It hadn't been long after Paul Assaiante's peculiar Wednesday night when he found himself sifting through his email and stopping at a particular message.
It was a number in the email that stuck with the coach hours after -- a number he now attempts to shrug off. But for more than 13 years, that number had grown and grown and grown and taken Assaiante's squash team, the Trinity College Bantams, with it.
"Other people counted it," Assaiante says. "I never liked to. I didn't come here to do that."
The count was 5,078 days.
Since Feb. 22, 1998, Assaiante's squash team at Trinity College in Connecticut had not lost a single match. That's 252 consecutive wins, 13 straight national championships. And the longest winning streak in the history of collegiate athletics.
But that was before Wednesday night.
Assaiante knows things like "The Streak" don’t last forever. He often wondered if the end would bring a certain sense of relief -- a metaphorical lifting of a 13-season, 5,078-day burden. They would celebrate, he thought.
But as Trinity's Swedish junior Johan Detter lost the eleventh and final point to Yale's John Roberts on Wednesday in New Haven, and The Streak had officially ended, Assaiante realized he had been lying to himself all along.
He really hated losing.
"The Streak" had for so long been a gift of publicity to the sport of squash, a sport desperately fighting its way through the Olympic process. The sport was rejected for both the 2012 and 2016 Olympics, beat out by baseball, rugby and a sport boasting some guy named Tiger Woods. But things are still looking up for squash, and a lot of that has to do with Trinity.
When the streak began, Assaiante says he only remembers 30 teams taking part in the national championships. That number has since doubled. And with more teams in the fold, challengers began to emerge for Trinity. No longer were the Bantams "the only team at the dance," like they had been early on in The Streak. Matches became closer and closer.
"I always hoped that when it ended it would be because other schools came up to the bar," Assaiante says. "And it did. There are six teams in this country now that can win a national championship, and if that's our legacy, that’s pretty cool."
With more challengers threatening Trinity's streak, the wins had become more stressful, more tentative, and more unpleasant. After winning their 12th-straight national championship in 2010, then-Trinity senior Baset Chaudhry was criticized widely for very openly taunting his Yale opponent. Video of the bad sportsmanship spread, further fueling a fire between Yale and Trinity that existed through Wednesday’s match.

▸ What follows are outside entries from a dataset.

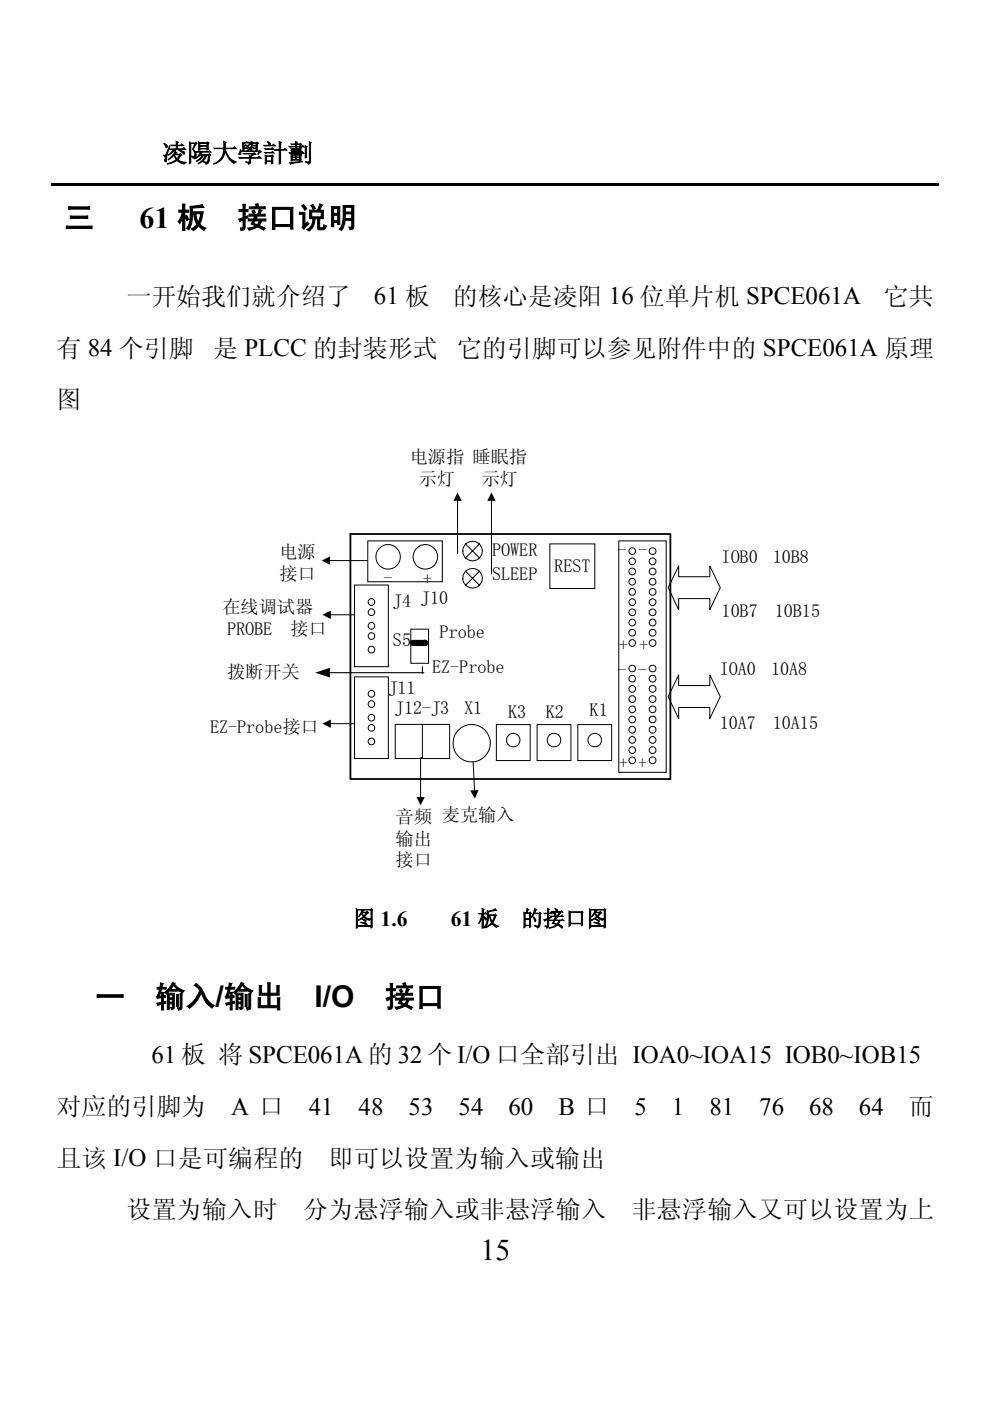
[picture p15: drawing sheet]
<svg xmlns="http://www.w3.org/2000/svg" width="210mm" height="297mm" viewBox="0 0 210 297" stroke-linecap="round" stroke-linejoin="round" font-family="sans-serif">
<defs><g id="words">
<g font-size="6.3">
<text x="13.6" y="48.3">三</text>
<text x="29.6" y="48.3">61 板</text>
<text x="50.3" y="48.3">接口说明</text>
<text x="20.2" y="213.5">一</text>
<text x="32.9" y="213.5">输入/输出</text>
<text x="66.7" y="213.5">I/O</text>
<text x="81.6" y="213.5">接口</text>
<text x="101.9" y="267.1">15</text>
</g>
<g font-size="5.3">
<text x="34.4" y="34.3">凌陽大學計劃</text>
<text x="26.8" y="64.6">一开始我们就介绍了</text>
<text x="79.3" y="64.6">61 板</text>
<text x="96" y="64.6">的核心是凌阳 16 位单片机 SPCE061A</text>
<text x="187.4" y="64.6">它共</text>
<text x="12" y="75.6">有 84 个引脚</text>
<text x="45.2" y="75.6">是 PLCC 的封装形式</text>
<text x="96.9" y="75.6">它的引脚可以参见附件中的 SPCE061A 原理</text>
<text x="12" y="86.6">图</text>
<text x="32.1" y="225.3">61 板 将 SPCE061A 的 32 个 I/O 口全部引出 IOA0~IOA15 IOB0~IOB15</text>
<text x="12" y="236.3">对应的引脚为</text>
<text x="49" y="236.3">A 口</text>
<text x="65.4" y="236.3">41</text>
<text x="76" y="236.3">48</text>
<text x="86.6" y="236.3">53</text>
<text x="97.2" y="236.3">54</text>
<text x="107.8" y="236.3">60</text>
<text x="118.4" y="236.3">B 口</text>
<text x="134.5" y="236.3">5</text>
<text x="142.5" y="236.3">1</text>
<text x="150.4" y="236.3">81</text>
<text x="161" y="236.3">76</text>
<text x="171.6" y="236.3">68</text>
<text x="182.1" y="236.3">64</text>
<text x="192.7" y="236.3">而</text>
<text x="12" y="247.3">且该 I/O 口是可编程的</text>
<text x="69.7" y="247.3">即可以设置为输入或输出</text>
<text x="26.8" y="258.3">设置为输入时</text>
<text x="64.3" y="258.3">分为悬浮输入或非悬浮输入</text>
<text x="133.9" y="258.3">非悬浮输入又可以设置为上</text>
</g>
<g font-size="4.6">
<text x="74.9" y="196.3">图 1.6</text>
<text x="95.6" y="196.4">61 板</text>
<text x="110.5" y="196.3">的接口图</text>
</g>
<g font-size="3.9">
<text x="86.9" y="98.2">电源指 睡眠指</text>
<text x="88.8" y="102.8">示灯</text>
<text x="102.1" y="102.8">示灯</text>
<text x="59.2" y="118.4">电源</text>
<text x="104.4" y="118">POWER</text>
<text x="131" y="118">- -</text>
<text x="153" y="119.3">IOB0</text>
<text x="163.9" y="119.3">10B8</text>
<text x="59.2" y="123">接口</text>
<text x="81.3" y="123.8">-</text>
<text x="89.6" y="124">+</text>
<text x="104.4" y="123">SLEEP</text>
<text x="117.5" y="121.2">REST</text>
<text x="47.2" y="129.9">在线调试器</text>
<text x="83.3" y="128.8">J4 J10</text>
<text x="153" y="130.9">10B7</text>
<text x="164.3" y="130.9">10B15</text>
<text x="48.1" y="134.5">PROBE</text>
<text x="61.6" y="134.5">接口</text>
<text x="83.3" y="137">S5</text>
<text x="93.2" y="135.3">Probe</text>
<text x="131.2" y="137.9">+ +</text>
<text x="48.2" y="143.8">拨断开关</text>
<text x="91.6" y="142.6">EZ-Probe</text>
<text x="131" y="143.2">- -</text>
<text x="152.6" y="143.1">IOA0</text>
<text x="163.5" y="143.1">10A8</text>
<text x="82.3" y="147.2">J11</text>
<text x="44.5" y="155.3">EZ-Probe接口</text>
<text x="83.7" y="151.3">J12-J3</text>
<text x="98.4" y="151.5">X1</text>
<text x="107.7" y="152.2">K3</text>
<text x="115.7" y="152.3">K2</text>
<text x="125" y="151.9">K1</text>
<text x="152.6" y="154.6">10A7</text>
<text x="163.9" y="154.6">10A15</text>
<text x="131.2" y="163">+ +</text>
<text x="83.9" y="174.5">音频 麦克输入</text>
<text x="83.9" y="179.1">输出</text>
<text x="83.9" y="183.7">接口</text>
</g>
</g></defs>
<path d="M10.9 38.8h188.2v.5h-188.2z" fill="#000"/>
<g fill="#fff" stroke="#000" stroke-width=".21">
<path d="M143.9 120v2.3h6.6v-2.3l2.2 4.6-2.2 4.7v-2.4h-6.6v2.4l-2.2-4.7z" fill-rule="evenodd"/>
<path d="M143.9 143.1v2.3h6.6v-2.3l2.2 4.6-2.2 4.7v-2.4h-6.6v2.4l-2.2-4.7z" fill-rule="evenodd"/>
</g>
<path d="M69.8 118.9h8.5M97 106v11.4M104.2 106v15.7M70 130.3h7.7M70 153.4h7.7M89.2 160.7v8.5M100.3 161.4l.3 6.3" fill="none" stroke="#000" stroke-width=".21"/>
<path d="M68.2 118.9l1.8-.9v1.7zM97 104.4l.9 1.8h-1.8zM104.2 104.4l.9 1.8h-1.8zM68.4 130.3l1.7-.8v1.7zM66.8 142.6l3.2-1v2.1zM68.4 153.4l1.7-.9v1.8zM88.3 169h1.8l-.9 1.8zM99.7 167.6l1.8-.1-.8 1.8z" fill="#000"/>
<path d="M69.7 142.6h20.2" fill="none" stroke="#000" stroke-width=".23"/>
<path d="M74.3 113.2h67.8v52h-67.8z" fill="none" stroke="#000" stroke-width=".38"/>
<path d="M116.6 115.3h9.5v9.5h-9.5z" fill="#fff" stroke="#000" stroke-width=".21"/>
<circle cx="100.2" cy="116.8" r="2.07" fill="#fff"/>
<g fill="none" stroke="#000" stroke-width=".21">
<path d="M98.7 115.3l3 3M101.7 115.3l-3 3"/>
<circle cx="100.2" cy="116.8" r="2.07"/>
</g>
<circle cx="100.2" cy="122.6" r="2.07" fill="#fff"/>
<g fill="none" stroke="#000" stroke-width=".21">
<path d="M98.7 121.1l3 3M101.7 121.1l-3 3"/>
<circle cx="100.2" cy="122.6" r="2.07"/>
</g>
<g fill="#fff" stroke="#000" stroke-width=".21">
<path d="M122.5 153.6h7.2v7.6h-7.2z"/>
<path d="M105.2 153.6h7.2v7.6h-7.2z"/>
<path d="M113.9 153.6h7.2v7.6h-7.2z"/>
<path d="M75.2 124h7.1v17.4h-7.1z"/>
<path d="M78 114.7h15.8v8.6h-15.8z"/>
<path d="M131.2 114.7h10v49h-10z"/>
<path d="M75.2 143.5h7.1v17.3h-7.1z"/>
<path d="M87.1 133.4h3.8v7.2h-3.8z"/>
</g>
<g fill="#fff" stroke="#000" stroke-width=".21">
<circle cx="126.1" cy="156.9" r="1.45"/>
<circle cx="108.8" cy="156.9" r="1.45"/>
<circle cx="117.5" cy="156.9" r="1.45"/>
<circle cx="79.5" cy="129.1" r=".71"/>
<circle cx="79.5" cy="126.2" r=".71"/>
<circle cx="78.8" cy="127.6" r=".72"/>
<circle cx="78.8" cy="137.7" r=".72"/>
<circle cx="78.8" cy="134.9" r=".72"/>
<circle cx="78.8" cy="132.7" r=".72"/>
<circle cx="78.8" cy="129.8" r=".72"/>
<circle cx="90.2" cy="118.1" r="2.61"/>
<circle cx="82.3" cy="118.1" r="2.62"/>
<circle cx="100" cy="157.6" r="4"/>
<circle cx="138.4" cy="134.2" r=".73"/>
<circle cx="138.4" cy="129.8" r=".73"/>
<circle cx="138.4" cy="127.7" r=".73"/>
<circle cx="138.4" cy="125.5" r=".73"/>
<circle cx="138.4" cy="123.3" r=".73"/>
<circle cx="138.4" cy="121.2" r=".73"/>
<circle cx="138.4" cy="119" r=".73"/>
<circle cx="134" cy="134.2" r=".72"/>
<circle cx="134" cy="129.8" r=".72"/>
<circle cx="134" cy="127.7" r=".72"/>
<circle cx="134" cy="125.5" r=".72"/>
<circle cx="134" cy="123.3" r=".72"/>
<circle cx="134" cy="121.2" r=".72"/>
<circle cx="134" cy="119" r=".72"/>
<circle cx="138.4" cy="132" r=".73"/>
<circle cx="134" cy="132" r=".72"/>
<circle cx="138.4" cy="136.3" r=".73"/>
<circle cx="134" cy="136.3" r=".72"/>
<circle cx="138.4" cy="116.9" r=".73"/>
<circle cx="134" cy="116.9" r=".71"/>
<circle cx="138.4" cy="159.1" r=".73"/>
<circle cx="138.4" cy="154.7" r=".73"/>
<circle cx="138.4" cy="152.6" r=".73"/>
<circle cx="138.4" cy="150.4" r=".73"/>
<circle cx="138.4" cy="148.2" r=".73"/>
<circle cx="138.4" cy="146.1" r=".73"/>
<circle cx="138.4" cy="143.9" r=".73"/>
<circle cx="134" cy="159" r=".72"/>
<circle cx="134" cy="154.7" r=".72"/>
<circle cx="134" cy="152.6" r=".72"/>
<circle cx="134" cy="150.4" r=".72"/>
<circle cx="134" cy="148.2" r=".72"/>
<circle cx="134" cy="146.1" r=".72"/>
<circle cx="134" cy="143.9" r=".72"/>
<circle cx="138.4" cy="156.9" r=".73"/>
<circle cx="134" cy="156.9" r=".72"/>
<circle cx="138.4" cy="161.2" r=".73"/>
<circle cx="134" cy="161.2" r=".72"/>
<circle cx="138.4" cy="141.8" r=".73"/>
<circle cx="134" cy="141.8" r=".72"/>
<circle cx="79.5" cy="148.5" r=".71"/>
<circle cx="79.5" cy="145.7" r=".71"/>
<circle cx="78.8" cy="147.1" r=".72"/>
<circle cx="78.8" cy="157.2" r=".72"/>
<circle cx="78.8" cy="154.3" r=".72"/>
<circle cx="78.8" cy="152.2" r=".72"/>
<circle cx="78.8" cy="149.3" r=".72"/>
</g>
<path d="M90.2 136.3h-2.7" fill="none" stroke="#000" stroke-width="1.3"/>
<path d="M89.6 141.4v1.4" fill="none" stroke="#000" stroke-width=".23"/>
<path d="M83.8 153.6h11.5v7.2h-11.5z" fill="#fff" stroke="#000" stroke-width=".21"/>
<path d="M89.6 153.6v7.1h-.4" fill="none" stroke="#000" stroke-width=".21"/>
<use href="#words"/>
</svg>

"There’s a bit of bad blood between the two," President of U.S. Squash Kevin Klipstein says.
The Streak continued. The Bantams could feel the target on their back get larger and larger. But Trinity still had the best players, thanks to a coach who recruited not only locally, but internationally.
"He was on the forefront of recruiting players from around the world," Klipstein says. "Kids from India showing up in shorts and sandals in January -- not even having a winter coat."
Year after year, Trinity continued to win.
Assaiante had paid as little attention as he could to "the elephant in the room" for as long as he could. But when people started jealously misbehaving, as he says, or even assuming the Bantams had cheated, he couldn't help but confront The Streak. In one fell swoop, Trinity had helped popularize the sport in America and also became one of its greatest antagonists.
A column in the Boston Globe had gone so far as to call Assaiante's program squash's "The Evil Empire."
"We’re a society that loves to celebrate our underdogs and are very happy for them to stay there in a year or so,” Assaiante says. "Then, we take great delight out of chipping them down. That, I always found disconcerting. But that's what comes with the territory.
"Break up the Yankees! That's just the nature of it."
The pressure had taken an obvious toll on his players. Classes of squash players came and went from Trinity, spending four full years on the team without feeling the pain of defeat. No one wanted to be the player responsible for ending The Streak.
So Assaiante focused his coaching on managing fear more than anything else. He even wrote a book about it -- "Run to the Roar: Coaching to Overcome Fear" -- citing himself on the front cover as the winningest coach in college sports history.
Since Wednesday night though, he has had to coach to overcome something most other coaches and teams experience with some kind of regularity: defeat.
Assaiante had been ready for this day though. He repeats a saying that he’s had prepared for the occasion, one that he’ll repeat many times to anyone who asks about his team’s now-defunct streak.
"Failure exposes character," he recites. "This is our chance to shine."
And perhaps the same thing can be said for the sport itself. Through failed attempts to be accepted at the Olympic level, Assaiante says the sport is now at its best. He doesn’t seem worried about its future. He’s confident that he'll see squash in the Olympics someday.
For now, he's only worried about Harvard -- the team's next opponent -- and how to navigate the path to a 14th-straight national championship. And for a group that has dealt with the burden of carrying the longest streak in college sports history, that's a refreshingly simple concern.
"Now," Assaiante says, "We're free to fly."
-- Eric Adelson contributed to this story.